Heat-shock protein-90 is an attractive target for anticancer drugs, as heat-shock protein-90 blockers such as the ansamycin 17-(allylamino)-17-demethoxygeldanamycin greatly reduce the expression of many signaling molecules that are disregulated in cancer cells and are key drivers of tumor growth and metastasis. While 17-(allylamino)-17-demethoxygeldanamycin has shown promise in clinical trials, this compound class has significant template-related drawbacks. In this paper, we describe a new, potent non-ansamycin small-molecule inhibitor of heat-shock protein-90, BX-2819, containing resorcinol and triazolothione rings. Structural studies demonstrate binding of BX-2819 to the ADP/ATP-binding pocket of heat-shock protein-90. The compound blocked expression of heat-shock protein-90 client proteins in cancer cell lines and inhibited cell growth with a potency similar to 17-(allylamino)-17-demethoxygeldanamycin.
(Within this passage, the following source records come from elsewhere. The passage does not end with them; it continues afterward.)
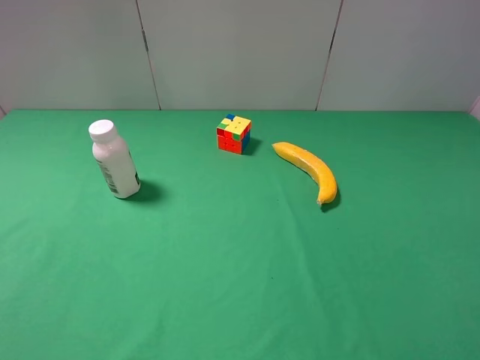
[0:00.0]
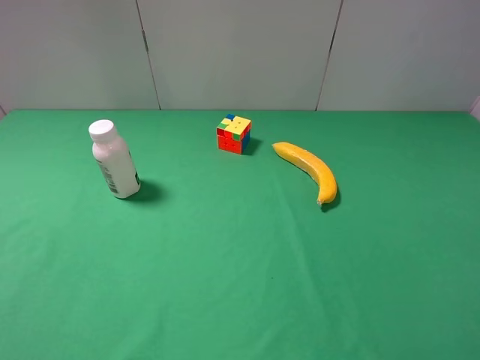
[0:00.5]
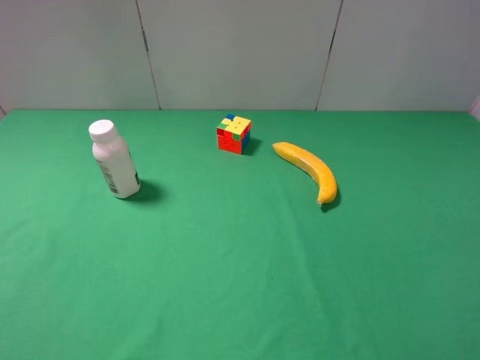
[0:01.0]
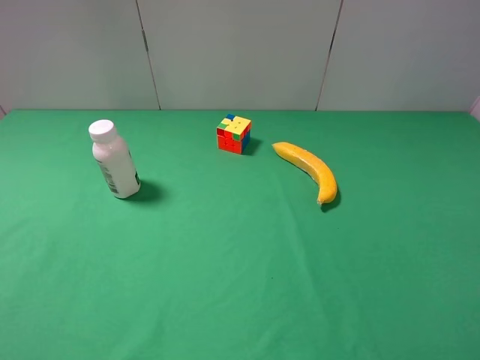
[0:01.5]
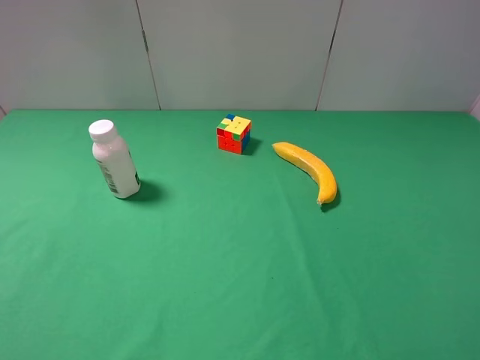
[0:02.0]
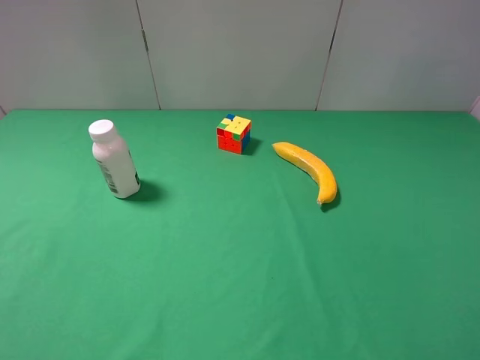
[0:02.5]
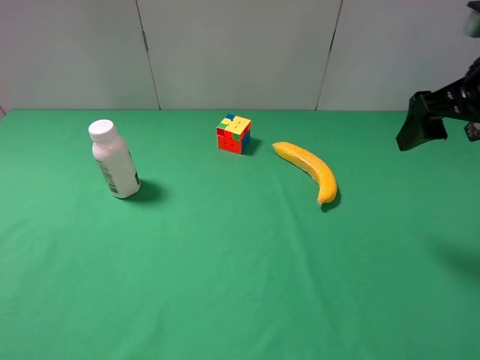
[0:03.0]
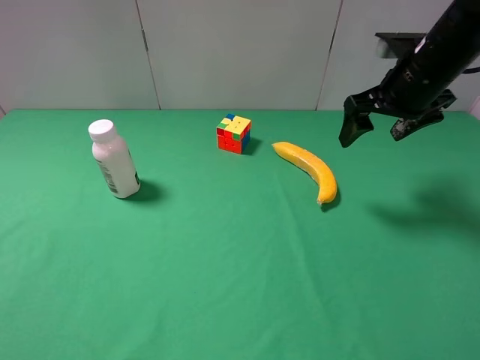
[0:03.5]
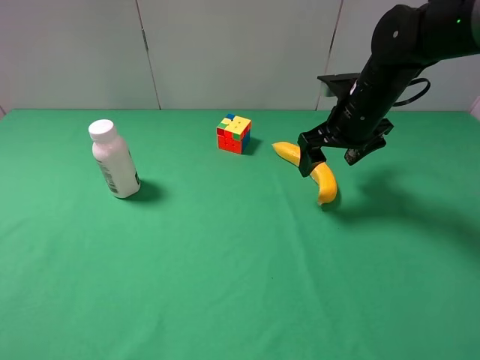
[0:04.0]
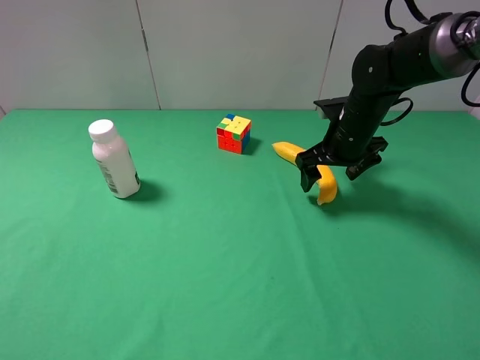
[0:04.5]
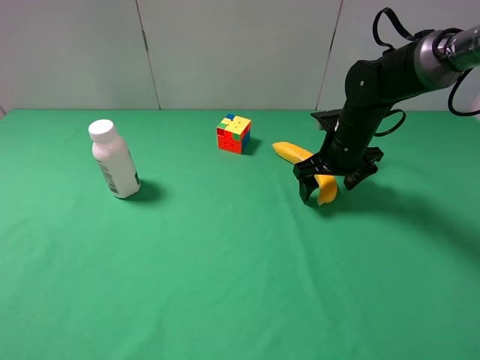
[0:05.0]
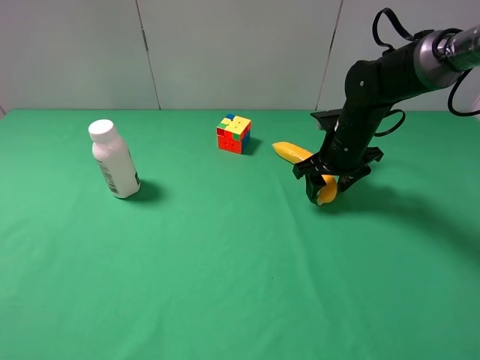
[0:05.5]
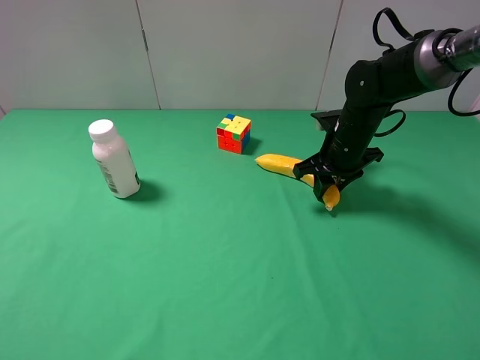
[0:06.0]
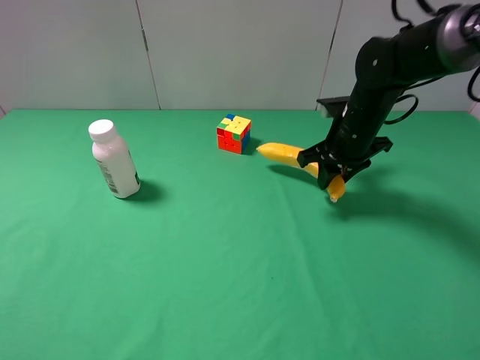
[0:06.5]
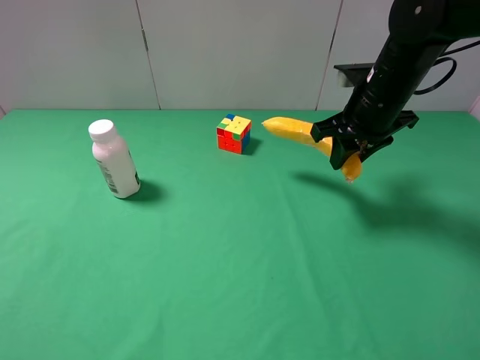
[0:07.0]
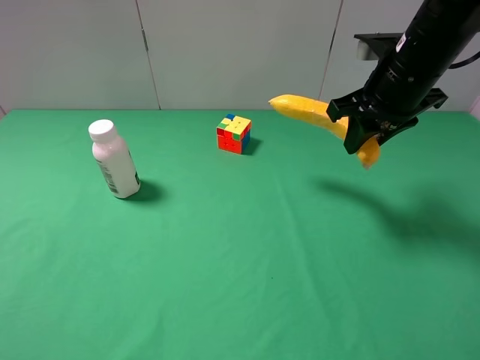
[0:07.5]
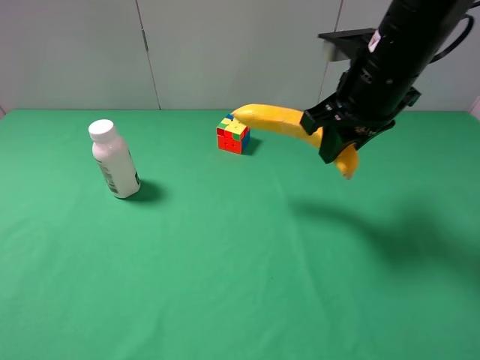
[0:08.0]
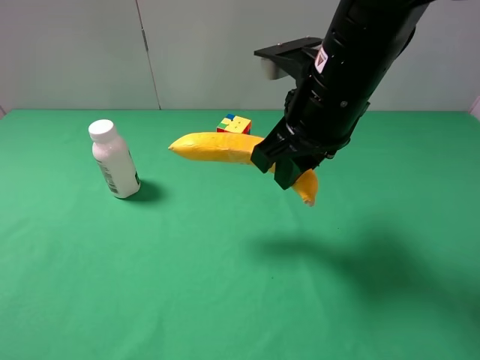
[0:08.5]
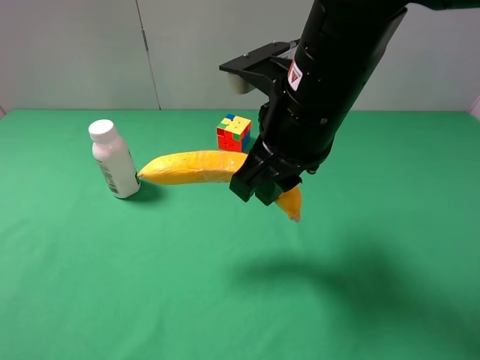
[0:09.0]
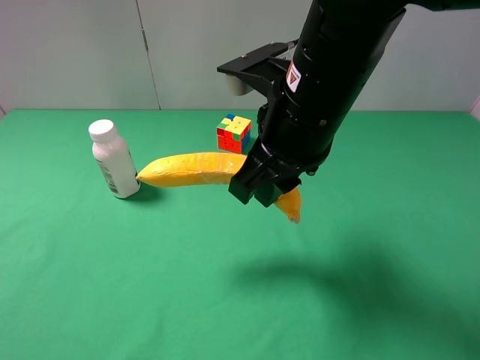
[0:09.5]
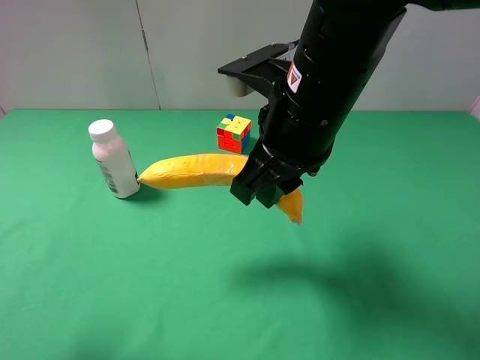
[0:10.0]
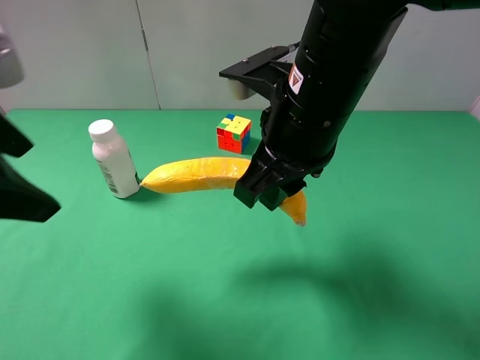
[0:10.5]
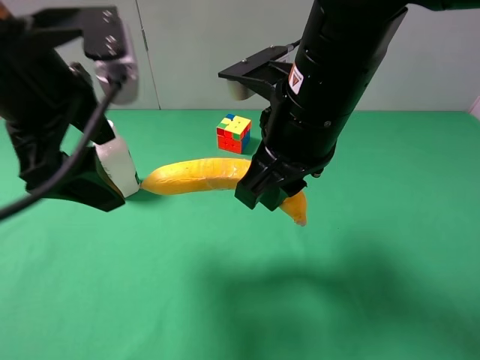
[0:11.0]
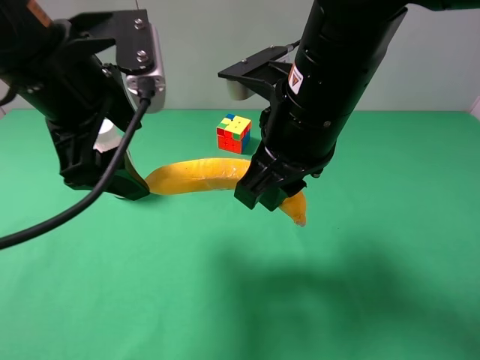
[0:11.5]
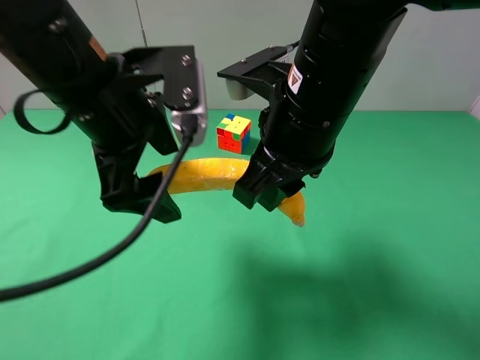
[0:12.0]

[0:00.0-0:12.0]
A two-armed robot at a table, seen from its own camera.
Task of the whole recording: use the right gripper to pick up the item and transfer it from the right gripper to the left gripper.
0:02.0 to 0:04.0: The right gripper shifts roughly 35 cm forward.
0:04.0 to 0:06.0: The right gripper travels downward by approximately 5 cm, and closes its fingers.
0:06.0 to 0:08.0: The right gripper goes about 20 cm upward and backward.
0:08.0 to 0:10.0: The left gripper shifts about 10 cm forward; the right gripper goes roughly 10 cm to the left and backward.
0:10.0 to 0:12.0: The left gripper goes about 20 cm to the right and forward.

In a panel of four cancer cell lines, BX-2819 blocked growth with an average IC(50) value of 32 nM (range of 7-72 nM). Efficacy studies demonstrated that treatment with BX-2819 significantly inhibited the growth of NCI-N87 and HT-29 tumors in nude mice, consistent with pharmacodynamic studies showing inhibition of heat-shock protein-90 client protein expression in tumors for greater than 16 h after dosing. These data support further studies to assess the potential of BX-2819 and related analogs for the treatment of cancer.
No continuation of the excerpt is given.